* **Task objective**:
All entries below are to be written out again exactly, but no picture is to be copied.
╭──
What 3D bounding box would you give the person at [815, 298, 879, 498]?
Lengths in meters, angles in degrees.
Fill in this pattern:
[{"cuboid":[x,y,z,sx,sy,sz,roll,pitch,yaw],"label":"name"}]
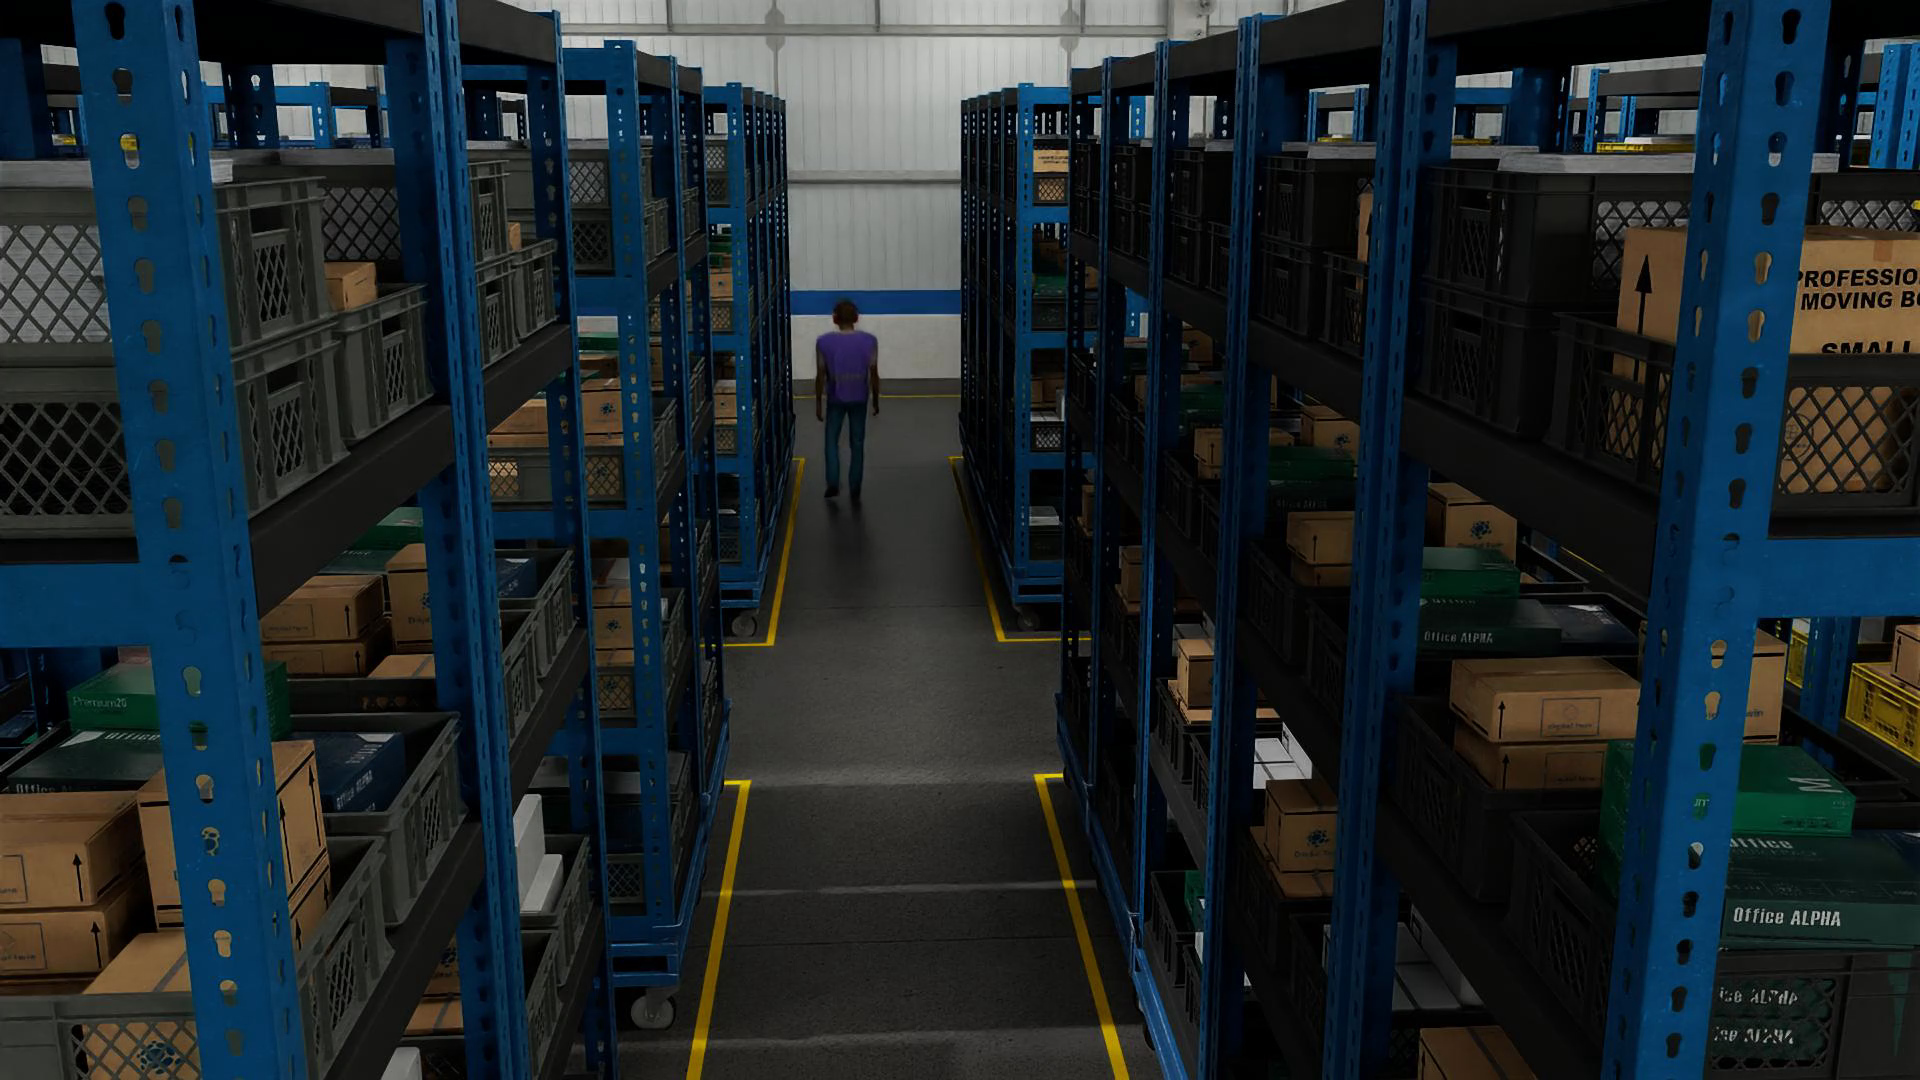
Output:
[{"cuboid":[-1.020,-1.267,15.078,0.596,1.842,0.441,-2,14,-8],"label":"person"}]
╰──
* **Task answer**:
What 3D bounding box would you give the person at [815, 298, 879, 498]?
Lengths in meters, angles in degrees.
Fill in this pattern:
[{"cuboid":[x,y,z,sx,sy,sz,roll,pitch,yaw],"label":"name"}]
Output:
[{"cuboid":[-1.020,-1.267,15.078,0.596,1.842,0.441,-2,14,-8],"label":"person"}]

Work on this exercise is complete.